Bicalutamide is a non-steroidal androgen receptor inhibitor. It competitively inhibits the action of androgens by binding to cytosol androgen receptors in the target tissue. Prostatic carcinoma is known to be androgen sensitive and responds to treatment that counteracts the effect of androgen and/or removes the source of androgen.

Bicalutamide 50 mg is approved only in combination with a luteinizing hormone-releasing hormone (LHRH) analog for the treatment of Stage D metastatic prostate cancer.

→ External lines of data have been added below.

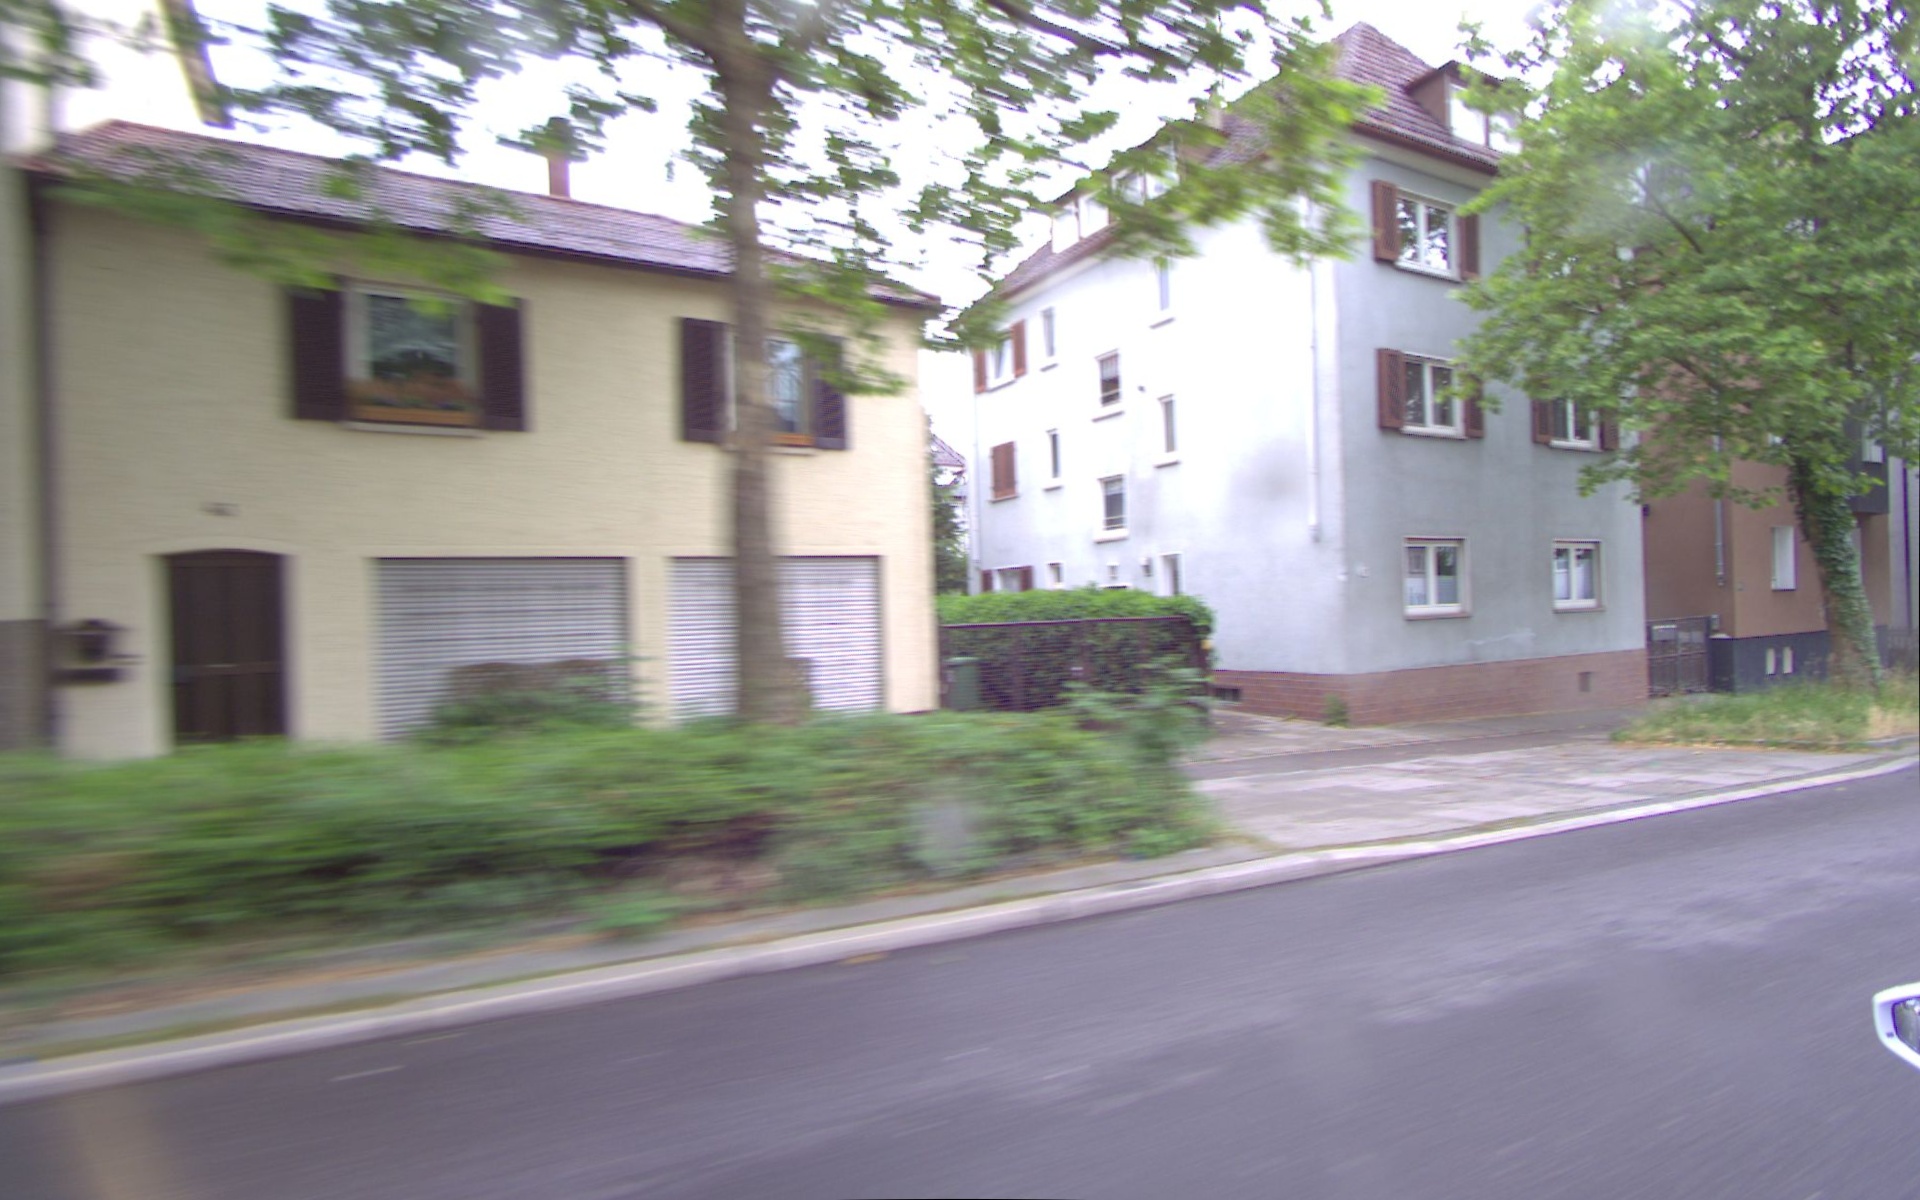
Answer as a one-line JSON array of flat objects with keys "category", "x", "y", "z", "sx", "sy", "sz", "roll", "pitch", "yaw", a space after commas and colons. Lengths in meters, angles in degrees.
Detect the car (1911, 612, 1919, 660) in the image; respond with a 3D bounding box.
[{"category": "car", "x": 40.268, "y": 1.411, "z": 39.218, "sx": 1.977, "sy": 1.917, "sz": 4.177, "roll": 1, "pitch": -1, "yaw": -30}]
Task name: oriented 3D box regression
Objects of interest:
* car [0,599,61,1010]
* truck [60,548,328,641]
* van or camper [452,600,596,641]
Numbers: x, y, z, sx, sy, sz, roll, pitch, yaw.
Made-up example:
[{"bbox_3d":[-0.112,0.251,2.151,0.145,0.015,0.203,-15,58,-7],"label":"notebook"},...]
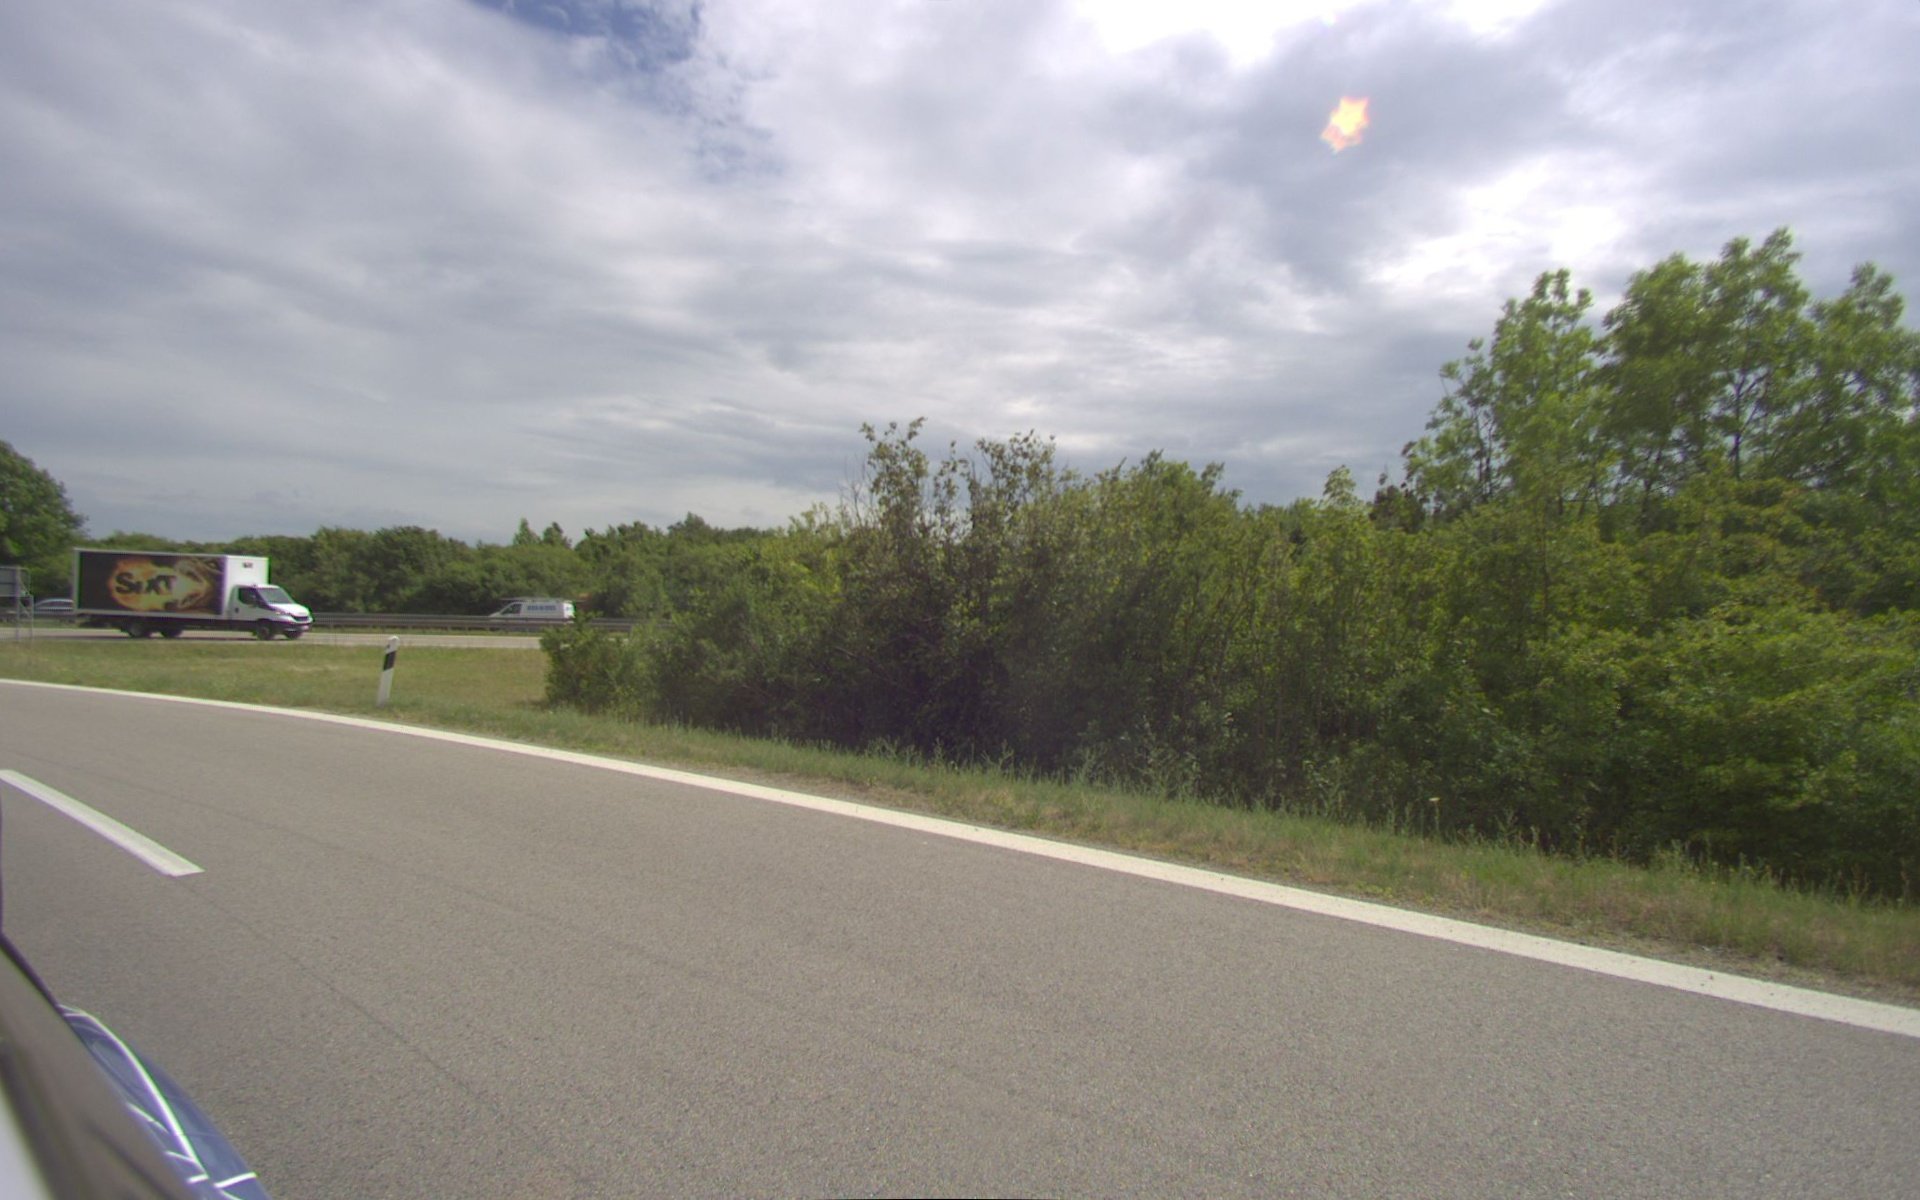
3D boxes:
[{"bbox_3d":[-5.807,0.774,4.609,4.535,1.526,1.973,0,0,41],"label":"car"},{"bbox_3d":[-31.264,-0.233,41.567,8.820,3.614,2.893,1,0,0],"label":"truck"},{"bbox_3d":[-24.966,1.199,58.203,7.228,2.145,2.232,1,-2,-4],"label":"van or camper"}]
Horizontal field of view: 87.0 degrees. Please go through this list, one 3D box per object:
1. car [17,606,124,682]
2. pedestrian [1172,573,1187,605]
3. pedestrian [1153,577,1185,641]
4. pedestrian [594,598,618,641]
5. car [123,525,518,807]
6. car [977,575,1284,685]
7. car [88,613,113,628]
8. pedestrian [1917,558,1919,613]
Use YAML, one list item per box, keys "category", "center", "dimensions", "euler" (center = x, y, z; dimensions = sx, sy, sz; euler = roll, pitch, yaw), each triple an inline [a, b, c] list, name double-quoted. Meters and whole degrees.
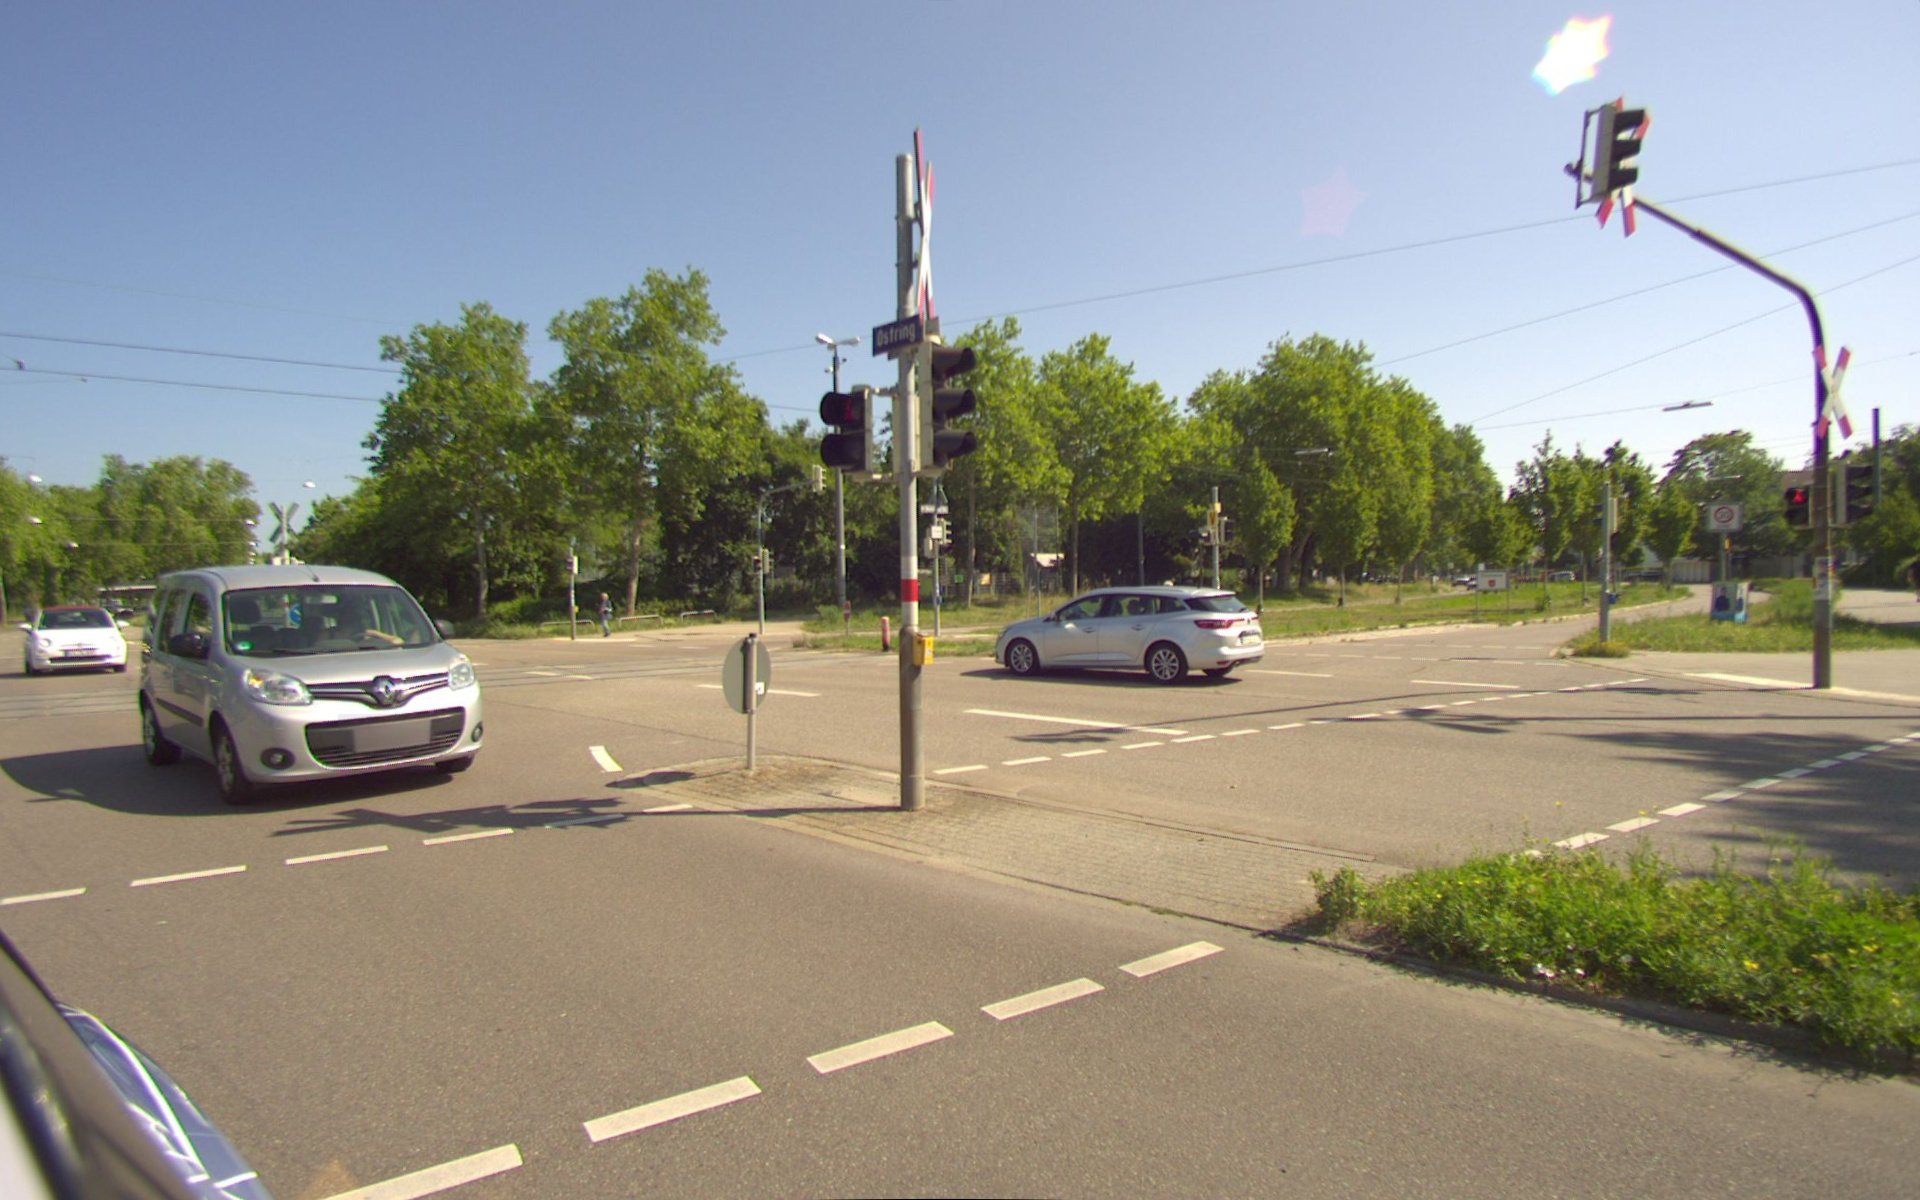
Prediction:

50 mg orally once daily, with or without food, at the same time each day.

Hot flashes (53%)

Pain (general/back/pelvic/abdominal)

Asthenia (22%)

Constipation, nausea, edema

Dyspnea, anemia, nocturia, hematuria

Bicalutamide is contraindicated in:

• Hypersensitivity

Bicalutamide is contraindicated in any patient who has shown a hypersensitivity reaction to the drug or any of the tablet’s components. Hypersensitivity reactions including angioneurotic edema and urticaria have been reported.

• Women

Bicalutamide has no indication for women, and should not be used in this population.

• Pregnancy

Bicalutamide can cause fetal harm when administered to a pregnant woman

Hepatotoxicity:
Potentially fatal liver injury; monitor liver enzymes before and during treatment. Discontinue if ALT >2× ULN or jaundice occurs.

Bleeding Risk:
Serious bleeding events may occur when used with coumarin anticoagulants. Monitor INR/PT closely.

Gynecomastia and Breast Pain:
Seen especially with 150 mg dose (not approved), but possible at any level.

Glucose Tolerance Impairment:
Increased risk of diabetes or poor glycemic control when used with LHRH agonists.

Photosensitivity:
Cases reported. Patients should avoid UV/sunlight exposure and consider sunscreen use.